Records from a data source
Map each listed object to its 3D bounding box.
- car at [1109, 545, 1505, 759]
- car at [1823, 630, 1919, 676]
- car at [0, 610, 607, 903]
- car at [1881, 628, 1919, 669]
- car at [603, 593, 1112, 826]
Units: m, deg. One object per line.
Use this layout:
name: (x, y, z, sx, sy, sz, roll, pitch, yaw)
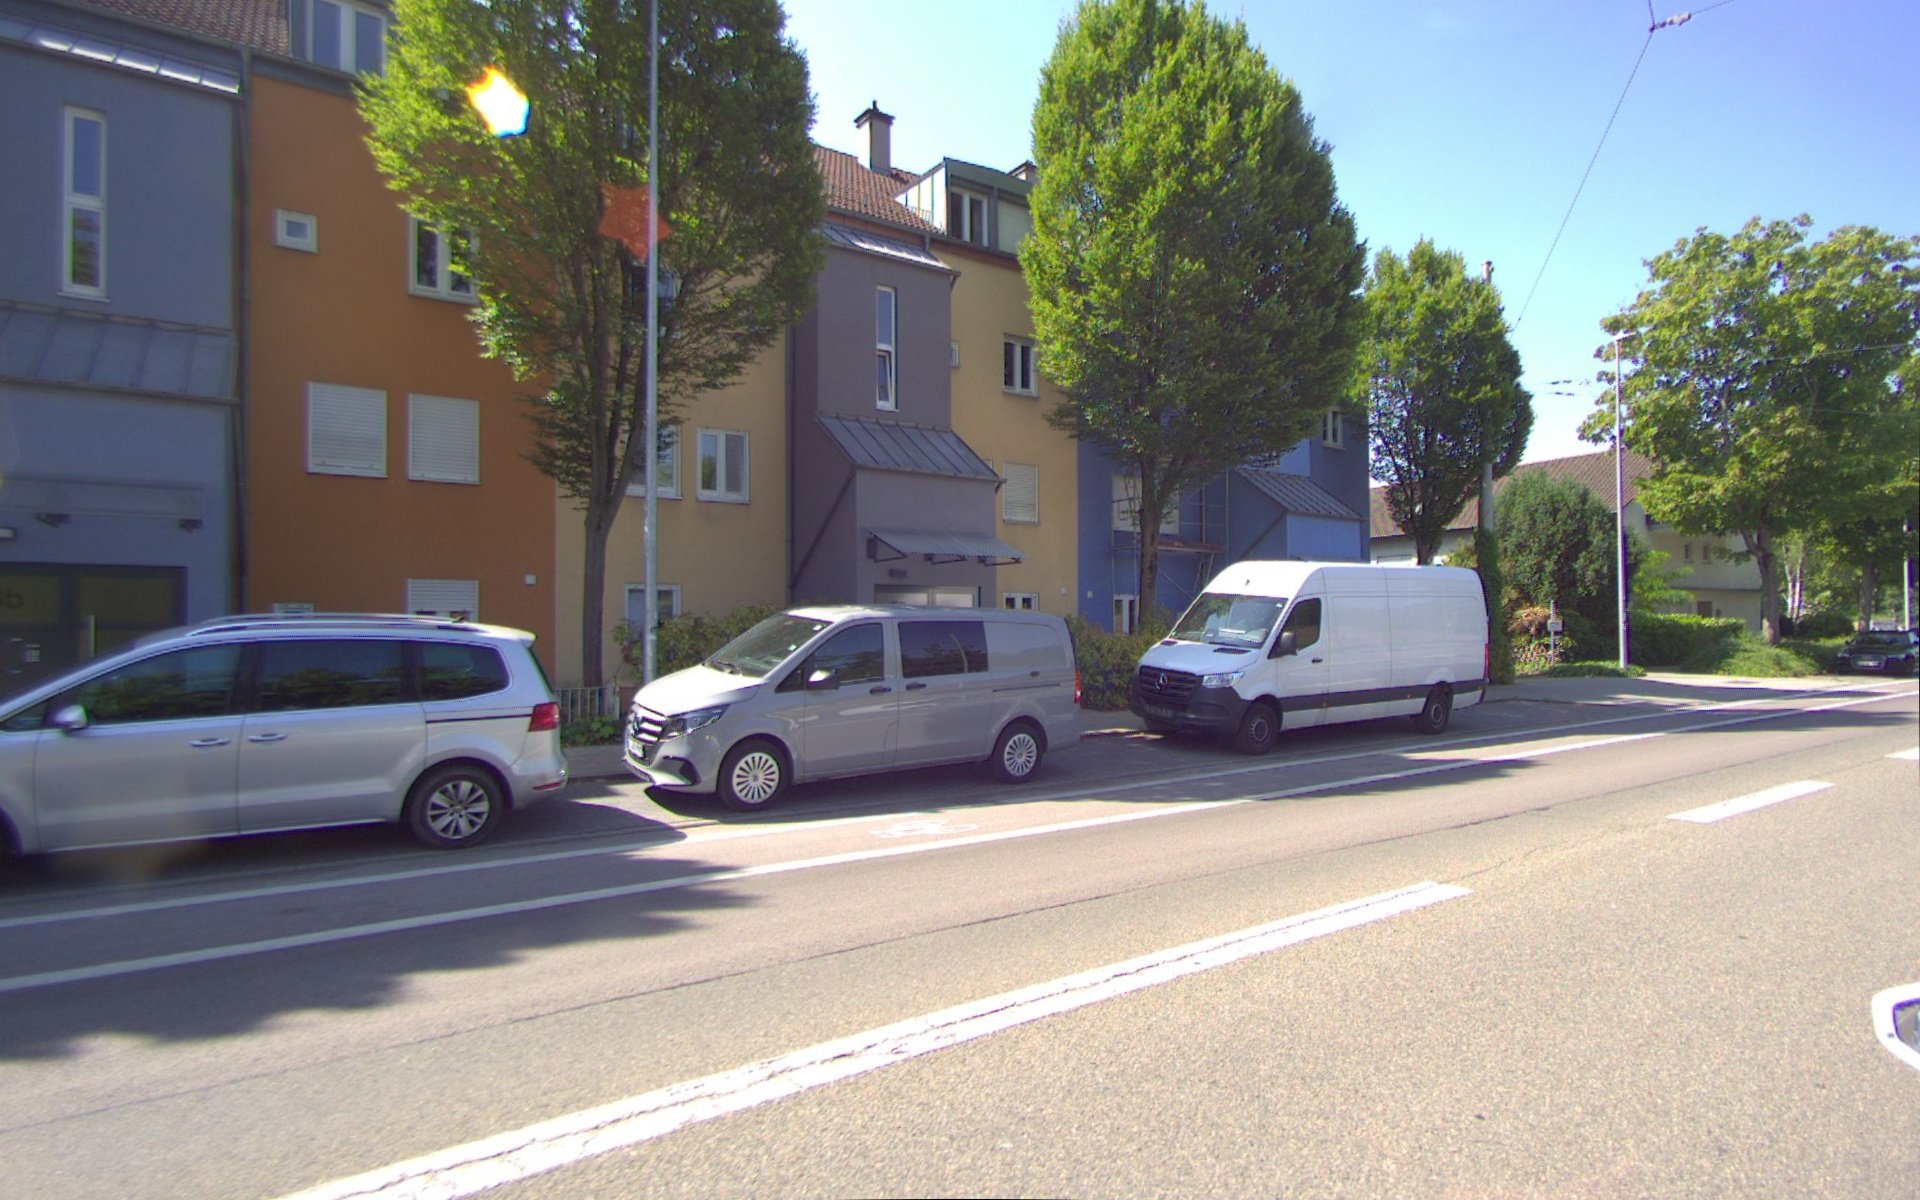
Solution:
car: (5.657, 0.705, 15.710, 7.083, 2.750, 1.982, 1, 1, -34)
car: (30.338, 1.714, 33.181, 3.955, 1.435, 1.691, 1, -2, -32)
car: (-5.415, 0.998, 7.637, 4.859, 1.748, 1.789, 1, 1, -35)
car: (36.292, 1.791, 37.607, 3.955, 1.501, 1.691, 1, -2, -32)
car: (-0.932, 0.990, 11.021, 5.302, 1.974, 1.906, 1, 1, -36)

Problem statement:
Show every line from the entries above in which "object" appears.

Answer for this exercise:
Map each listed object to its 3D bounding box.
Units: m, deg. One object per line.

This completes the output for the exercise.